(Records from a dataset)
__________

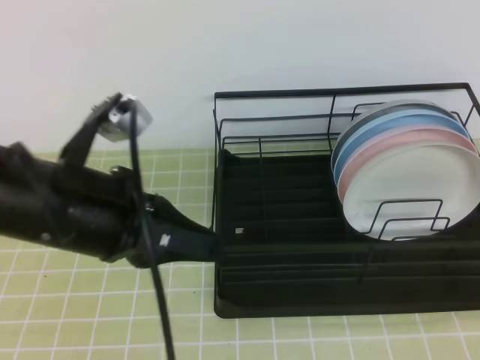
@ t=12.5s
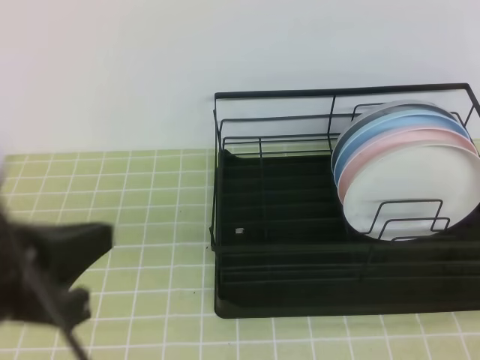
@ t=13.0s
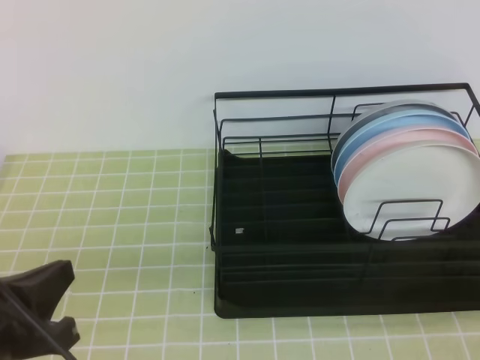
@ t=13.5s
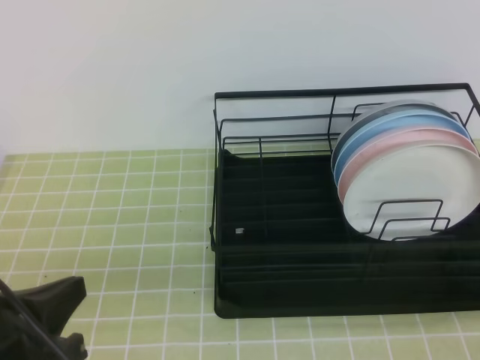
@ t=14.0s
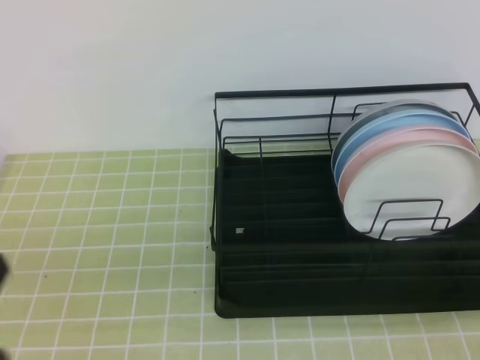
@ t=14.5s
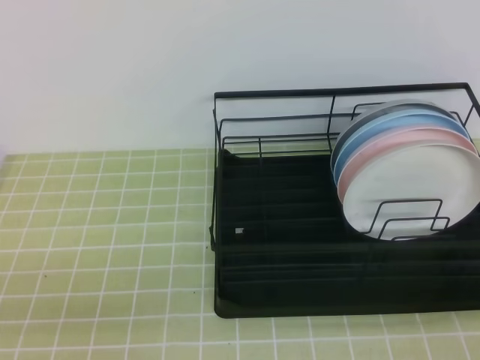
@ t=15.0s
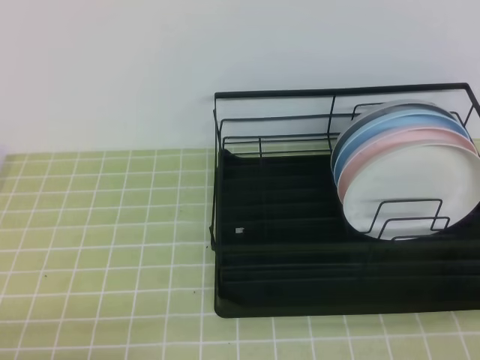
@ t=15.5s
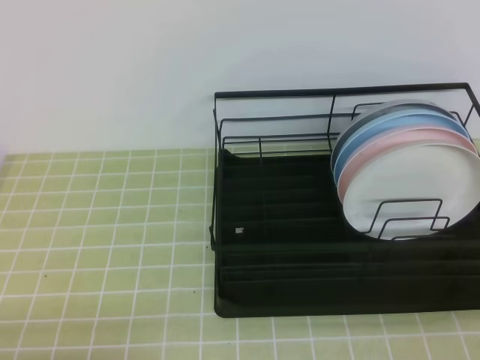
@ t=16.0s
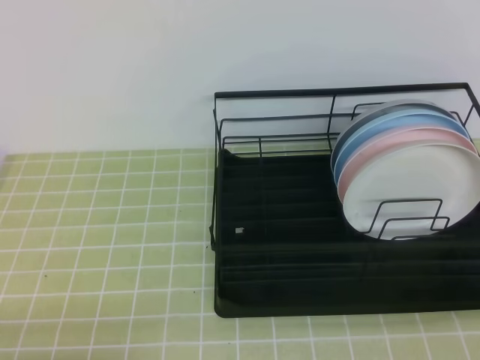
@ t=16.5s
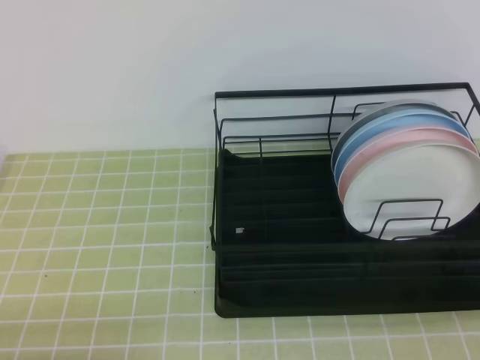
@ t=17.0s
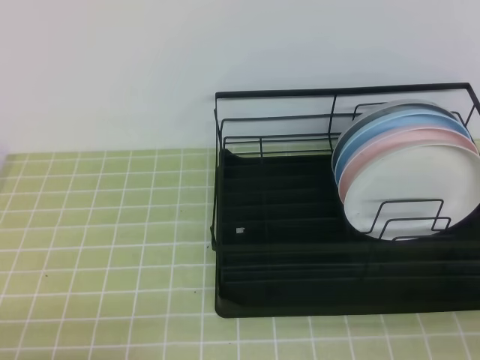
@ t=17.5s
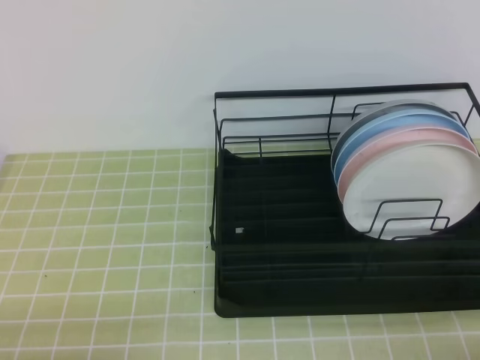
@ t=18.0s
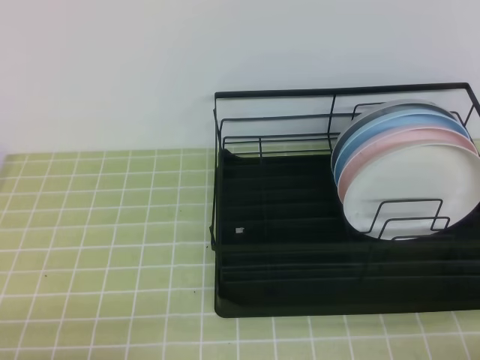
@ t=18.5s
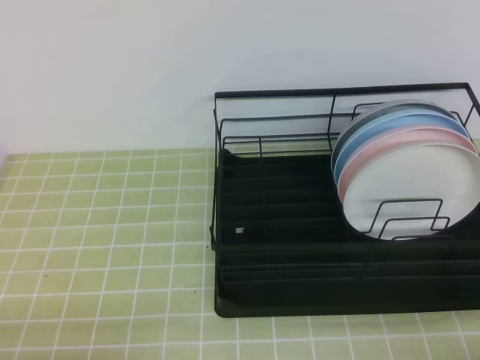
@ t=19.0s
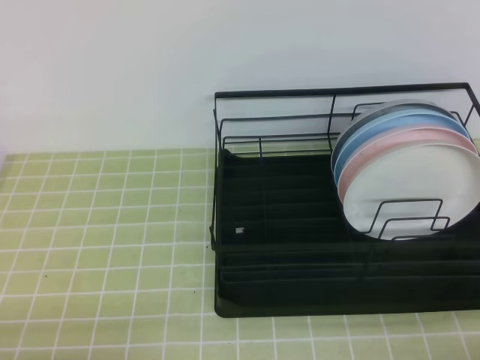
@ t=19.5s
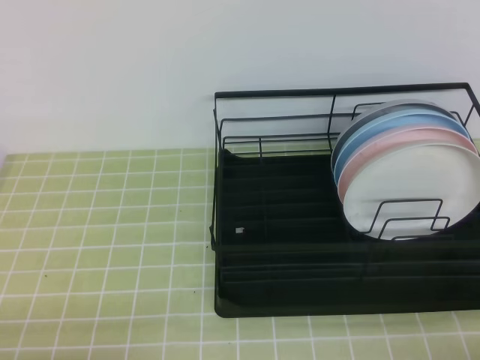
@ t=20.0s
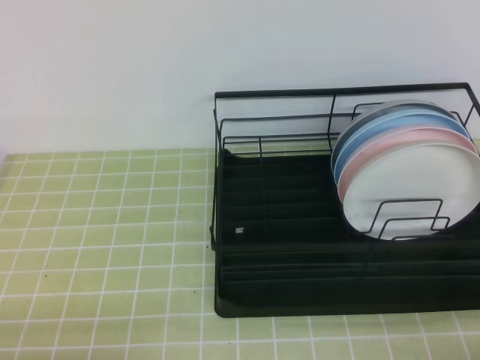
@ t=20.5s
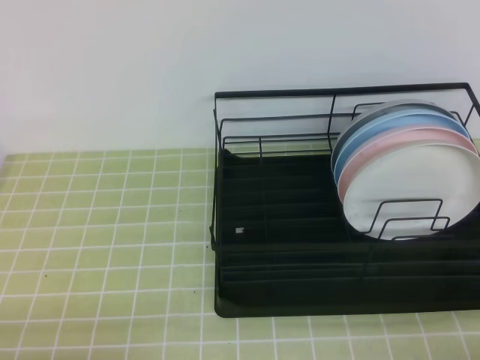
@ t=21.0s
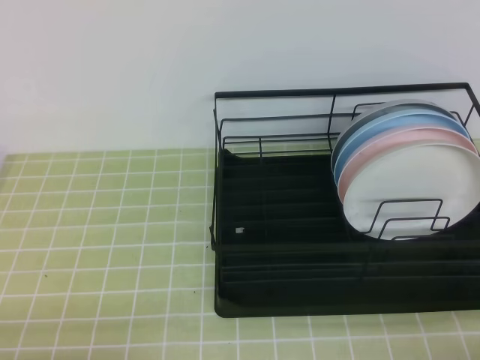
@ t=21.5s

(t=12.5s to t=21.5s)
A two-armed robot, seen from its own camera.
t=12.5s - t=14.5s: The left gripper heads backward, to the left and downward, covering about 15 cm. Meanwhile the right gripper moves backward and downward, about 20 cm.
t=19.5s - t=21.5s: The two grippers keep their place.

__________

▸ **What you need to do**
Word for word, give back each entry from above, but skip any picture.

▸ **Solution for this exercise**
@ t=12.5s
@ t=13.0s
@ t=13.5s
@ t=14.0s
@ t=14.5s
@ t=15.0s
@ t=15.5s
@ t=16.0s
@ t=16.5s
@ t=17.0s
@ t=17.5s
@ t=18.0s
@ t=18.5s
@ t=19.0s
@ t=19.5s
@ t=20.0s
@ t=20.5s
@ t=21.0s
@ t=21.5s

(t=12.5s to t=21.5s)
A two-armed robot, seen from its own camera.
t=12.5s - t=14.5s: The left gripper heads backward, to the left and downward, covering about 15 cm. Meanwhile the right gripper moves backward and downward, about 20 cm.
t=19.5s - t=21.5s: The two grippers keep their place.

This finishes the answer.